Additional information
- Time zone: WET (UTC+0);

= Æðey =

Small island in the Westfjords region of Iceland

Æðey (/is/; Eider Island) is an island located in the Westfjords region of Iceland. A höfuðból was built in the 19th century with a farm, with descendants of the family going to the house in the summer to maintain the farm. Other structures include a lighthouse and a weather station owned by the Icelandic Meteorological Office.

The island is home to multiple species of birds such as the common eider, with its feathers being harvest by the family that resides on the island. Mammals such as sheep can be found on the island though are often shipped to the mainland to not disturb the eider and puffin population.
==Geography==
Æðey is the biggest of the four islands located on the biggest bay of the Westfjords, being located in Ísafjarðardjúp. The island is separated by 15 km of water away from Ísafjörður. It is 2.2 km long and 0.8 km wide, with its highest point being 21 m above sea level. The island is vegetated.

==History==

In 1615, some Basque whalers were whaling and had crashed in Strandir. Five of the whalers traveled to Æðey and settled there. After the magistrate of Ísafjörður, Ari Magnússon, had found out about the whalers on the island, he ordered a fleet of ships to go to the island. All of the whalers on the island were killed by the forces.
==Structures and demographics==
A höfuðból (manor house) was built in the 19th century on the island by married couple Guðmundur Rósinkarsson and Guðrún Jónsdóttir. After Rósinkarsson's death in 1906, the couple's children: Ásgeir, Halldór, and Sigríður, inherited the house and ran the farm alongside their mother. As of 2019, the descendants of the family reside in the house every summer to rear cattle, geese and sheep, and harvest eiderdown.

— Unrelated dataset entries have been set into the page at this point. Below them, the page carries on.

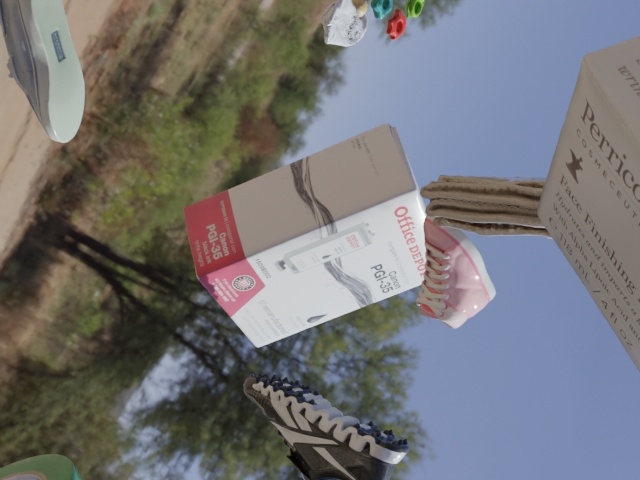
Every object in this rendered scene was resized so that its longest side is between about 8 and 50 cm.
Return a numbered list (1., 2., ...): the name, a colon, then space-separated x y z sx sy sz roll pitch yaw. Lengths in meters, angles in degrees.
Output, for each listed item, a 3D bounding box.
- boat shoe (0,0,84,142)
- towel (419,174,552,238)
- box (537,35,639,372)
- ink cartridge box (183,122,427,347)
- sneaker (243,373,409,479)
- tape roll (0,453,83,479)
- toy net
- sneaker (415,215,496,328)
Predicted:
1. boat shoe: -0.380 -0.242 1.135 0.079 0.081 0.228 -51 147 -49
2. towel: 0.230 -0.024 0.669 0.187 0.282 0.049 10 -80 47
3. box: 0.213 -0.003 0.332 0.119 0.181 0.181 83 -16 -59
4. ink cartridge box: 0.000 0.000 1.077 0.283 0.207 0.117 -22 -127 6
5. sneaker: -0.012 0.242 1.022 0.078 0.234 0.106 17 95 -60
6. tape roll: -0.481 0.433 1.196 0.321 0.077 0.321 -22 -165 6
7. toy net: 0.061 -0.304 1.096 0.232 0.045 0.122 -45 143 -35
8. sneaker: 0.118 0.035 0.804 0.070 0.134 0.051 -42 -138 -8

A lighthouse was built on the island in 1944, though it was not active until 1949 due to lighting material shortages during World War II. It is located on the southern tip of the island and measures 13 m high. There is a weather station on the island owned by the Icelandic Meteorological Office. In 2010, the island had one resident named Ólafur Ragnarson. He was a worker at the weather station and monitored the weather data. The station was made automatic in 2012.
==Fauna==
The island is home to species of bird such as the common eider, black guillemot, puffins, and breeds of geese. In a survey made by Náttúrustofa Vestfjarða in 2022, they had counted around 667 pairs of the black guillemot. Mammals such as cattle, sheep, and minks can be found on the island. The sheep are often ferried to the mainland during summer for grazing to not interfere with the eiders. A dog named Tása is owned by the family that resides on the island. Marine life such as humpback whales can be found off the shore of the island.